EXERCISE DATA:
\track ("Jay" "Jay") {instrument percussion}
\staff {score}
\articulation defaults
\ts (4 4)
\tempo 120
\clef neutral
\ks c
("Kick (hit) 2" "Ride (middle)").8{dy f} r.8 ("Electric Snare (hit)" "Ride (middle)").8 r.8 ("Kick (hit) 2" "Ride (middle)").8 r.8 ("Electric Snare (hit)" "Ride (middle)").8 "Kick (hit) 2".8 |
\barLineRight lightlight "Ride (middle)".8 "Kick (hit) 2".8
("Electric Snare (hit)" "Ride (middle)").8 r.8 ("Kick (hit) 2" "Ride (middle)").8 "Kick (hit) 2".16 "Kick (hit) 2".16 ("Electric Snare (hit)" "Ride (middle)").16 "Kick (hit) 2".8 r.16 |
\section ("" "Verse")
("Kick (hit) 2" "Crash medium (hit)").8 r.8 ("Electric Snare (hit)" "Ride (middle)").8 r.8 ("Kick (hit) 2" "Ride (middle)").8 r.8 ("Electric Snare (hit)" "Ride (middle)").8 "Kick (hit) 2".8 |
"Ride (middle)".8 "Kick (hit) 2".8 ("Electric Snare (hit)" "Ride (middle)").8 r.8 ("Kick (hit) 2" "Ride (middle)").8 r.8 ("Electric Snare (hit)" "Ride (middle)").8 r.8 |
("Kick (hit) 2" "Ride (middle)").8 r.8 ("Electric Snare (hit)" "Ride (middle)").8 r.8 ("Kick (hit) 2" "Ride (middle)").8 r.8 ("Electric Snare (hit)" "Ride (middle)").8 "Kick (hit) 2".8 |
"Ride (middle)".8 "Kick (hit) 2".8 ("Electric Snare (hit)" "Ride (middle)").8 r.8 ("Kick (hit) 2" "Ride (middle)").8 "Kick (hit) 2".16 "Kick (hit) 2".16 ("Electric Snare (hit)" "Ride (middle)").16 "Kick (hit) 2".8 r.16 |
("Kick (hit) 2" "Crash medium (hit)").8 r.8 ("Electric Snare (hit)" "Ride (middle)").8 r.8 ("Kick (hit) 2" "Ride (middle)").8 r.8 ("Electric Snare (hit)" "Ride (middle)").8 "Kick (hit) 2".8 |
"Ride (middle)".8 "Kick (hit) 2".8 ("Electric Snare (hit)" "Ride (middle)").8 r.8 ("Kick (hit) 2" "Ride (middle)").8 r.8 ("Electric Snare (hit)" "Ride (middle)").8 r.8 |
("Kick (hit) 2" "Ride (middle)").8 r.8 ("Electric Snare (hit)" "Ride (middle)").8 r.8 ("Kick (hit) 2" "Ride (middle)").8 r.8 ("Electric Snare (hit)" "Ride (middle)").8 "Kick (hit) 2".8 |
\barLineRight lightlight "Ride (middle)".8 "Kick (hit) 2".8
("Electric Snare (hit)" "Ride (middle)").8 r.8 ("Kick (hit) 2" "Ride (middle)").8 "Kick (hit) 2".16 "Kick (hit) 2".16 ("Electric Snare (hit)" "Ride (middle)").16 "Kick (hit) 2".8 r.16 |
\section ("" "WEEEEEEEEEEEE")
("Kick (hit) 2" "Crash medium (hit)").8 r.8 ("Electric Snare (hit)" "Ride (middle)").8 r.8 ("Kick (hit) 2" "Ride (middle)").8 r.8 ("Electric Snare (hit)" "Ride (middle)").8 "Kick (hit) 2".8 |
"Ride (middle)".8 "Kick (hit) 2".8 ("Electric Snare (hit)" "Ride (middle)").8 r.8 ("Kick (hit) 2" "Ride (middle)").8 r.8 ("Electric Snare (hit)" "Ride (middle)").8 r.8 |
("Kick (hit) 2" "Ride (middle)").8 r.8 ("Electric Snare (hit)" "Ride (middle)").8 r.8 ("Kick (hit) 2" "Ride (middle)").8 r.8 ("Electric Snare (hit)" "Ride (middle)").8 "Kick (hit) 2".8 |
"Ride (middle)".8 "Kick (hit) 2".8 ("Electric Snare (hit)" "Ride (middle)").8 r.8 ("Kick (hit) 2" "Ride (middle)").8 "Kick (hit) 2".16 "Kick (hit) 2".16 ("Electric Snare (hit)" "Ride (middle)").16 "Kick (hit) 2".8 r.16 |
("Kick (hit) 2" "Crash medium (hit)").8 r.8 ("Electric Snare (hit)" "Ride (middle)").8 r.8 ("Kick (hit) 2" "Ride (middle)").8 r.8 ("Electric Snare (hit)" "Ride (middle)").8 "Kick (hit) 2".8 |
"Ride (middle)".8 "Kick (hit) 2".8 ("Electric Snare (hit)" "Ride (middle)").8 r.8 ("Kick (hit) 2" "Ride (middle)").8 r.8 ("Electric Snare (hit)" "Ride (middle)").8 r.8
--
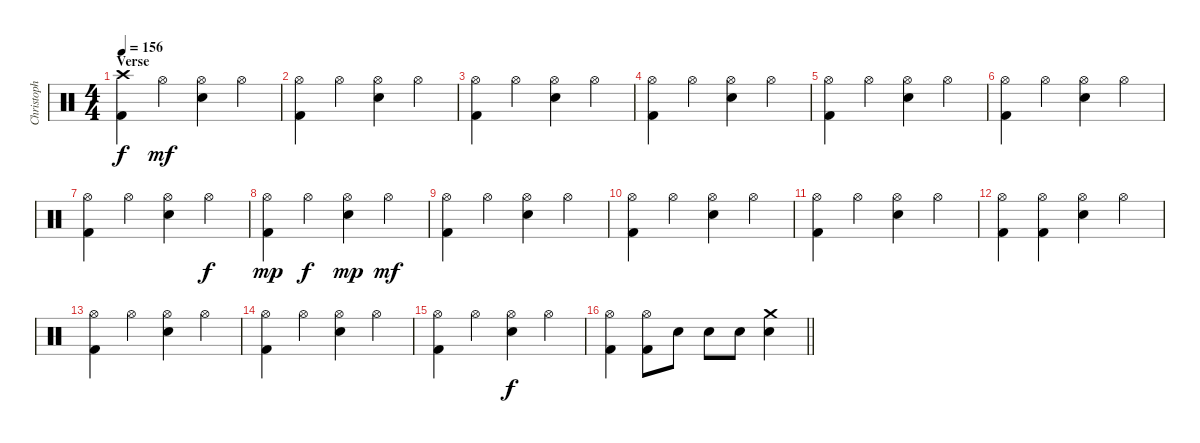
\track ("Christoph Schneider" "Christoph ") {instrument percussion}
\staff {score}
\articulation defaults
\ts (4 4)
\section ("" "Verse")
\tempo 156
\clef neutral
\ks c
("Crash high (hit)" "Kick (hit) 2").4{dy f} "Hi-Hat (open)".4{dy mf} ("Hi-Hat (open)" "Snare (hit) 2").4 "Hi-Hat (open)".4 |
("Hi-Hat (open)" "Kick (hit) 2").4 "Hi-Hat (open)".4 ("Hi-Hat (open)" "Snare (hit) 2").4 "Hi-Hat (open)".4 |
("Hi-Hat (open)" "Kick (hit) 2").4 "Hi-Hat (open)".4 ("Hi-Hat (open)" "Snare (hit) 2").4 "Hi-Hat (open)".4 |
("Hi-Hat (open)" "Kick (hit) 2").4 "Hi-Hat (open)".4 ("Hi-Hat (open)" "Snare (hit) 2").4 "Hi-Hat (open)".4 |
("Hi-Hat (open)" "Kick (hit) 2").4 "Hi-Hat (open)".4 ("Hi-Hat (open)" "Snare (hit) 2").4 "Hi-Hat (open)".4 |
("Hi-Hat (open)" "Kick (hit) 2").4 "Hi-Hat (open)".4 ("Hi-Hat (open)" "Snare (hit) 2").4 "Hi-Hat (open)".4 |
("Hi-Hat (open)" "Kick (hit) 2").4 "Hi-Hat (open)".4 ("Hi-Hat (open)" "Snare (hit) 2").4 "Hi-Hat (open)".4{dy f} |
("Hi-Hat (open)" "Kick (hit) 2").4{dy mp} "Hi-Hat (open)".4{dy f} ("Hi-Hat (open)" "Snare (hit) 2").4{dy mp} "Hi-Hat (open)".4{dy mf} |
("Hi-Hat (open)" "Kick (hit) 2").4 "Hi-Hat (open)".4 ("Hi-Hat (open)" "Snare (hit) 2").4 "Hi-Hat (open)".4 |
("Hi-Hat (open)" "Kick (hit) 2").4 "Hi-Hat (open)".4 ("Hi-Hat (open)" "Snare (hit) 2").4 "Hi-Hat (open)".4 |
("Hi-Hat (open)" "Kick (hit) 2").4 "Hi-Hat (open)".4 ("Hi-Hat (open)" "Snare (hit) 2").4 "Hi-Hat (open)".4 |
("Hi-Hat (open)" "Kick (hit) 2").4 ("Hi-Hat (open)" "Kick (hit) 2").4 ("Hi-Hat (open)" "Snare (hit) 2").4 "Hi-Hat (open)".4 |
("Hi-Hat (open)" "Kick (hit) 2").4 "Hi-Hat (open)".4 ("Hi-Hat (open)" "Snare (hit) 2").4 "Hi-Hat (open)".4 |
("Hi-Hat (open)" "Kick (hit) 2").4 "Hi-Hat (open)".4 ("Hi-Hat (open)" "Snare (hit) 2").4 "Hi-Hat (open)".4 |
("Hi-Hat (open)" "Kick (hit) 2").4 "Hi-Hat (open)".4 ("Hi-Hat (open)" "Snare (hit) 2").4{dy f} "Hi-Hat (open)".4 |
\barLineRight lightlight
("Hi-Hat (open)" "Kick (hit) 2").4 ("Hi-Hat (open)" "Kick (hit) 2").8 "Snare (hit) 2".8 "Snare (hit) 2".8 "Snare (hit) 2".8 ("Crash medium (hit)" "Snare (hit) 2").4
==
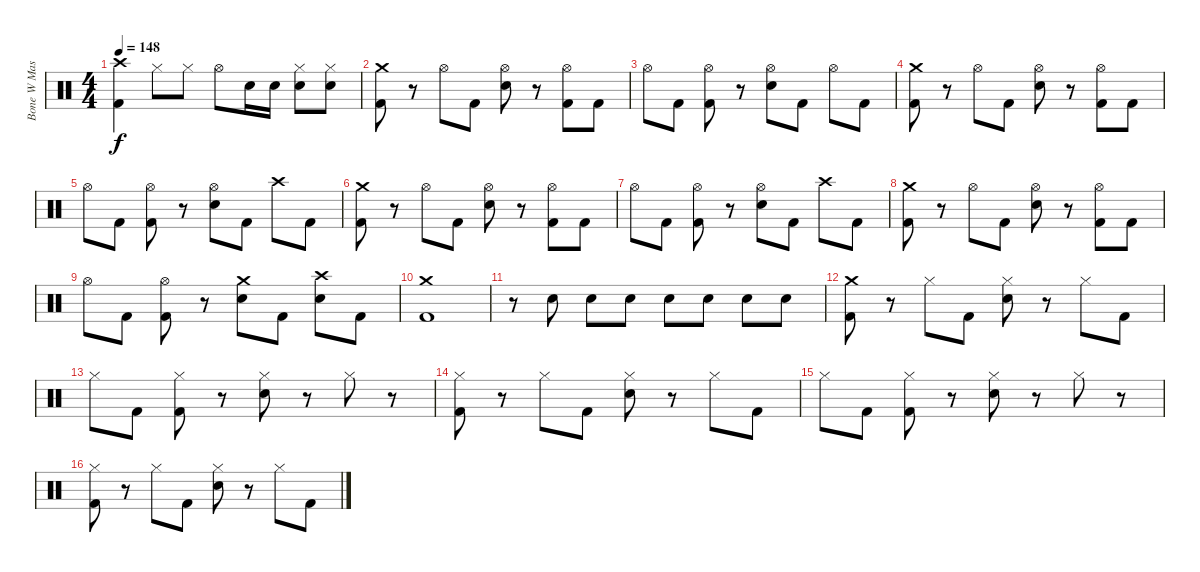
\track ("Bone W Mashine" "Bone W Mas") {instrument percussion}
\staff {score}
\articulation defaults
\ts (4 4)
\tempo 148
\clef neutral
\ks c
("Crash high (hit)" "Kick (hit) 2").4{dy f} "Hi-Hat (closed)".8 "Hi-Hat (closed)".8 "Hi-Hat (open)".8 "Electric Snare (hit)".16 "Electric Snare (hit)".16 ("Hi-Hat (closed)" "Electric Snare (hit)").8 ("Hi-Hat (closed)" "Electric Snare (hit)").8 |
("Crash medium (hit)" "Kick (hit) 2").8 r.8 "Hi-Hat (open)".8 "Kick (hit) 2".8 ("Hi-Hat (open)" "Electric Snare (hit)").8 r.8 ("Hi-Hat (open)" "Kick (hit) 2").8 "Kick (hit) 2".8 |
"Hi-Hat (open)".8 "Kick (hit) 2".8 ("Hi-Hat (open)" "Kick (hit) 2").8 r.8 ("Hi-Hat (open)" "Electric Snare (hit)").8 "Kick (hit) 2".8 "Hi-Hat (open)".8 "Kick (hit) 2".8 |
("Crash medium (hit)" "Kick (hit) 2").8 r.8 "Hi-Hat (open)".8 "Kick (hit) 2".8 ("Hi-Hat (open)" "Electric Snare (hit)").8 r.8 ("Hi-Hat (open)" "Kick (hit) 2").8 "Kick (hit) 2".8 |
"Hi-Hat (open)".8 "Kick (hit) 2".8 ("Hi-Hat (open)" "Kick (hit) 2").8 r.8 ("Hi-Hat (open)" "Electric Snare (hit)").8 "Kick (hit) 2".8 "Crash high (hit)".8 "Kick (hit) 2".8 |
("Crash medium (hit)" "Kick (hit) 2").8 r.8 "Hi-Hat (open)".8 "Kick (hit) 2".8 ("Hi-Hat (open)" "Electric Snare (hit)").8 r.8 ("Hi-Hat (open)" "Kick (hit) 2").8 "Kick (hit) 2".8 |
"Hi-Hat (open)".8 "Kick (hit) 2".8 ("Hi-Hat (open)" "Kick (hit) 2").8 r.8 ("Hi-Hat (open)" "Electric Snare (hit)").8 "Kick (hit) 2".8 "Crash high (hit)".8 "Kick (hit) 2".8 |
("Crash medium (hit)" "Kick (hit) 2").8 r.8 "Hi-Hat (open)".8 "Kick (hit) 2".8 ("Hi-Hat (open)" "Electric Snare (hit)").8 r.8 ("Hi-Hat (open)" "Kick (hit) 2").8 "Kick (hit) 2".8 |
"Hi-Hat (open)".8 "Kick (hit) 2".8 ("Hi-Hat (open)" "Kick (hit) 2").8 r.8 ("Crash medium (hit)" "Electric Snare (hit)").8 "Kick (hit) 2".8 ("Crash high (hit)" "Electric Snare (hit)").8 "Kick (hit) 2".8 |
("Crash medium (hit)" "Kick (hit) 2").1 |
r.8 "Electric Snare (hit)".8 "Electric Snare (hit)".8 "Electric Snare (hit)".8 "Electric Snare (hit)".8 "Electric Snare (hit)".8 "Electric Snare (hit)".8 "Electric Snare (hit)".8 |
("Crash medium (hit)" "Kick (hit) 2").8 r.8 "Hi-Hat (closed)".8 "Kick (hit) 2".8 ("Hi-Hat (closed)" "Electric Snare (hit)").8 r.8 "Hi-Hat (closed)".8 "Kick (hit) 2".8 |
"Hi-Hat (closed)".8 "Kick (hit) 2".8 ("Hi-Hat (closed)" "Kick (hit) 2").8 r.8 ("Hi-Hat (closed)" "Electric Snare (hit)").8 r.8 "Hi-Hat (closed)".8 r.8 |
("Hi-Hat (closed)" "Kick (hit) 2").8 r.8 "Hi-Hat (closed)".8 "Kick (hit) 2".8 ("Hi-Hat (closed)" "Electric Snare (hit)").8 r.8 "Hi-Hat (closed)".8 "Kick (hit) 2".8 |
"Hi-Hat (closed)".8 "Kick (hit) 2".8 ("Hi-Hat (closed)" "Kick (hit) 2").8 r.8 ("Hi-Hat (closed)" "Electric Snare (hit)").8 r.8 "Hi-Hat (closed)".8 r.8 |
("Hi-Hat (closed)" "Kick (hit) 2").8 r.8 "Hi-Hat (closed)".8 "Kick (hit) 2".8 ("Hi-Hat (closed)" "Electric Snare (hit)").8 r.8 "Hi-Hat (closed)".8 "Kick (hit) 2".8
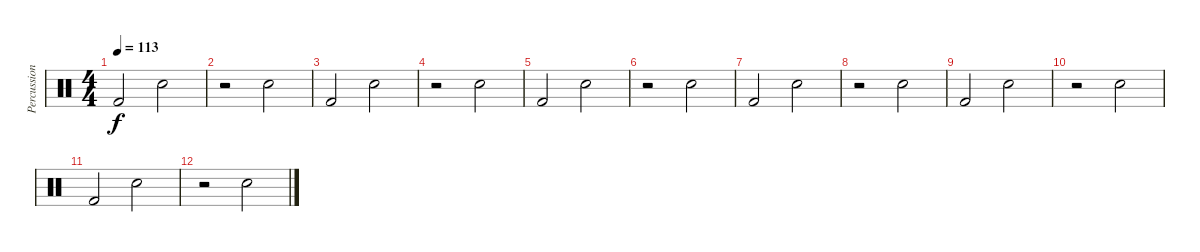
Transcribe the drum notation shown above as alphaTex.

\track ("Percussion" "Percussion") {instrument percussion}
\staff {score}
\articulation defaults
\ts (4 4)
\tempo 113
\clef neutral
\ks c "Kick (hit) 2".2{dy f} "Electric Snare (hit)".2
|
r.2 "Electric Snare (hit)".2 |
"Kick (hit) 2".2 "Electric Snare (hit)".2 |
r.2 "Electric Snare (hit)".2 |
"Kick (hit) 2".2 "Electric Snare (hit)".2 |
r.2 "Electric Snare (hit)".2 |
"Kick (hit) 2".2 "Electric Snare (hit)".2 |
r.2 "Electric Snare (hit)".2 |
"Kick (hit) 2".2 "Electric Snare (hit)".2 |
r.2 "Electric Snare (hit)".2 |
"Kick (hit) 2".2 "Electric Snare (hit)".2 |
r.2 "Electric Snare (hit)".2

PROBLEM TO SOLVE:
Once you have identified the lines above that contain "tempo", copy each of them.

ANSWER FOR THE TASK:
\tempo 120
\tempo 156
\tempo 148
\tempo 113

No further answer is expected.